There are several reasons for the repudiation of conspiracy theories by academic
feminists. In Mica Nava’s recent reassessment of theories about advertising, she
notes how ‘current theories of culture and subjectivity take much more seriously
notions of personal agency, discrimination and resistance, as well as (drawing on
psychoanalysis) the contradictory and fragmented nature of fantasy and desire’.
This ‘new, more nuanced understanding of subjectivity’, Nava goes on to
explain, is crucial to
recent critical refutations of the notion that the media and advertising have
the power to manipulate in a coherent and unfractured fashion and
represent a move away from the notion of mass man and woman as duped
and passive recipients of conspiratorial messages designed to inhibit true
consciousness.
(1992:165)
Feminists like Nava who are sympathetic to cultural studies have begun to
employ the language of desire, fantasy and identification in place of conspiracy
theories of, say, mass culture or Freudian psychoanalysis.

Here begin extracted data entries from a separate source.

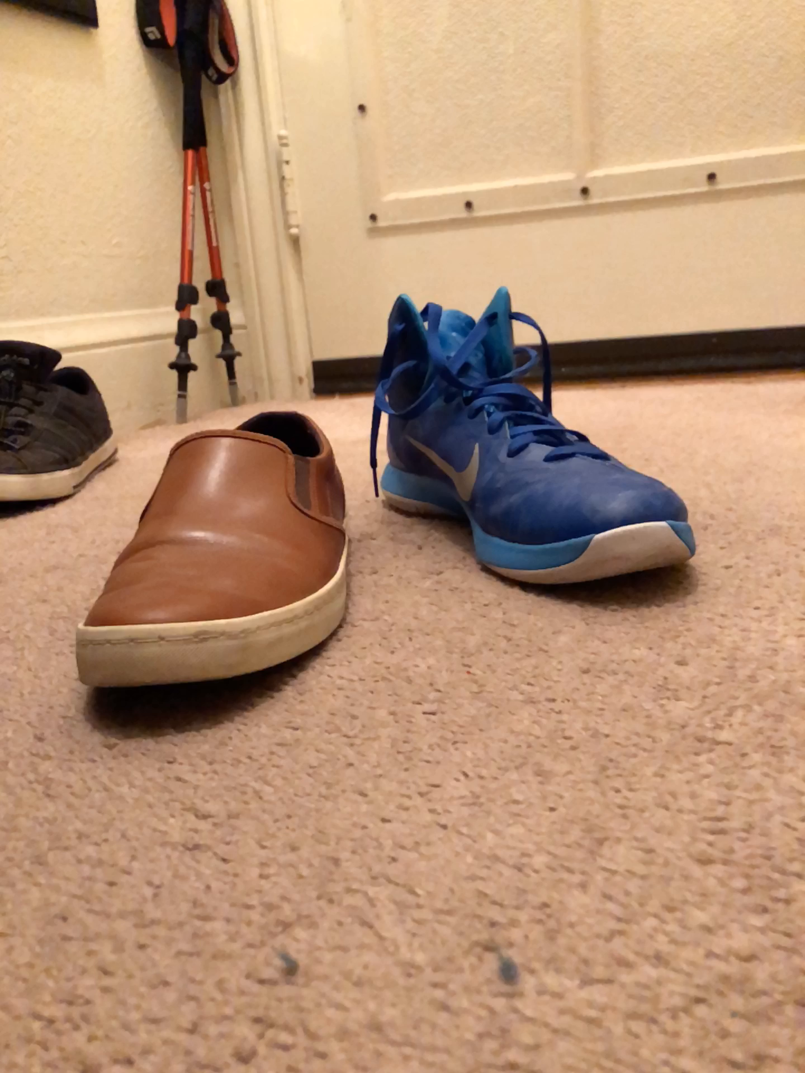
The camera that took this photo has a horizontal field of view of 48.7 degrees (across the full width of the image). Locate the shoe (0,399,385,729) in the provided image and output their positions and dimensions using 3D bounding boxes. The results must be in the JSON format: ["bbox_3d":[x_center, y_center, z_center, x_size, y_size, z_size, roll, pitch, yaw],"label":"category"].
[{"bbox_3d":[-0.082,-0.007,0.461,0.105,0.083,0.283,-3,16,7],"label":"shoe"}]

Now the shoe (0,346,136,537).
[{"bbox_3d":[-0.340,-0.098,0.791,0.115,0.113,0.293,-5,16,-1],"label":"shoe"}]

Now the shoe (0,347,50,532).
[{"bbox_3d":[-0.441,-0.102,0.816,0.115,0.113,0.293,-5,16,-1],"label":"shoe"}]

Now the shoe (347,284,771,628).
[{"bbox_3d":[0.070,-0.070,0.537,0.115,0.143,0.293,-10,16,-18],"label":"shoe"}]
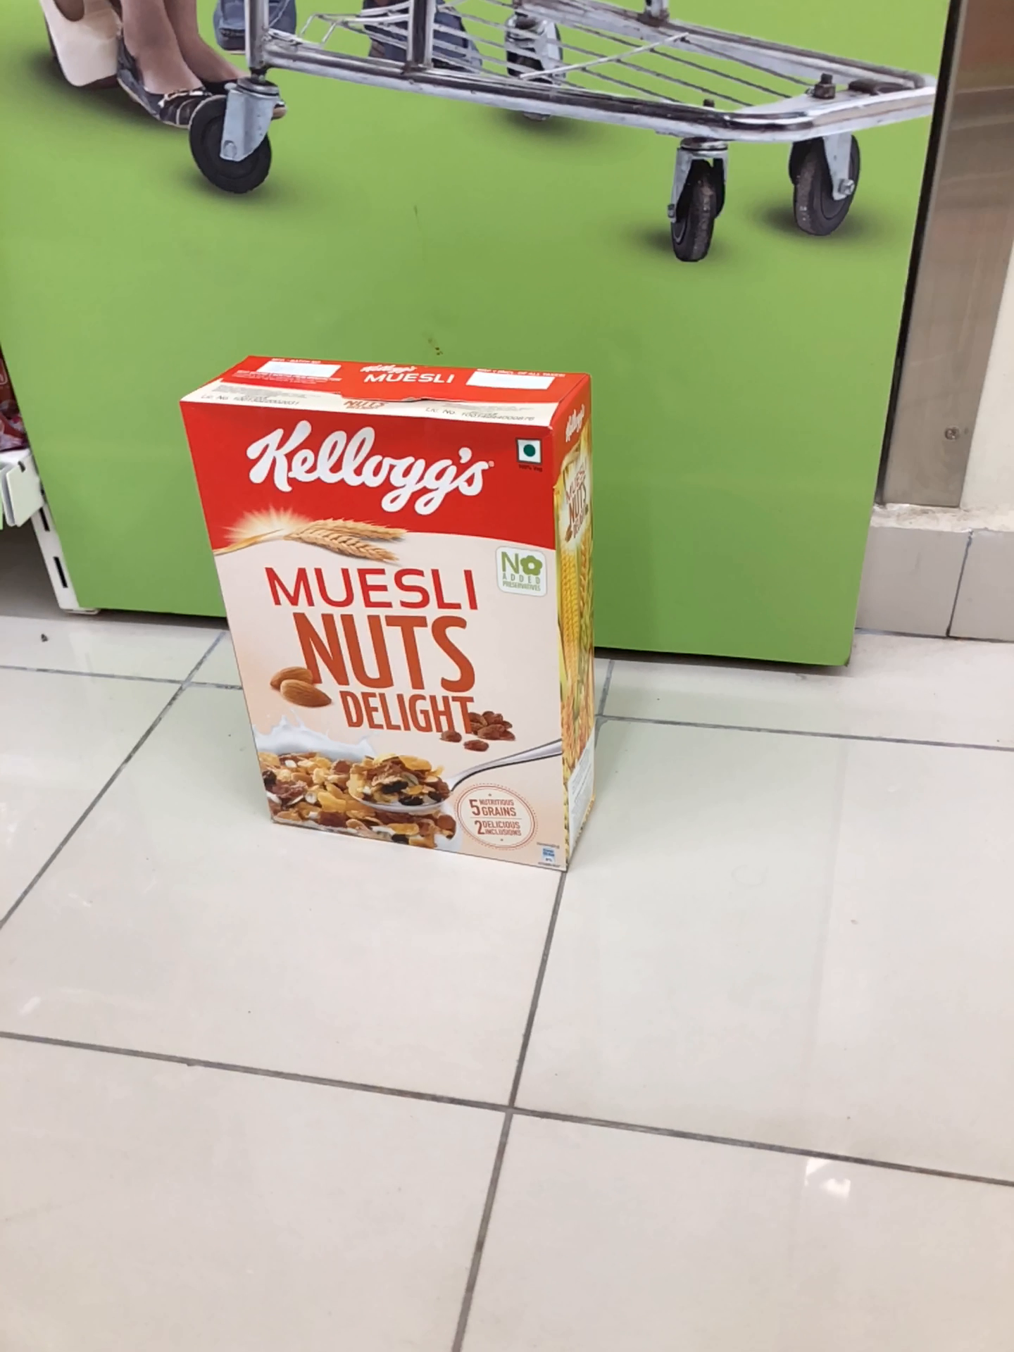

Instead of a paranoid
fear of infiltration, contamination and indoctrination by external forces, emphasis
is placed on the way that people use culture to create meanings, as much as those
meanings are imposed on them from above by the culture industry. These
‘refutations’ of conspiracy theories, I would suggest, have been integral in
shaping the kind of feminist cultural studies performed by critics such as Nava.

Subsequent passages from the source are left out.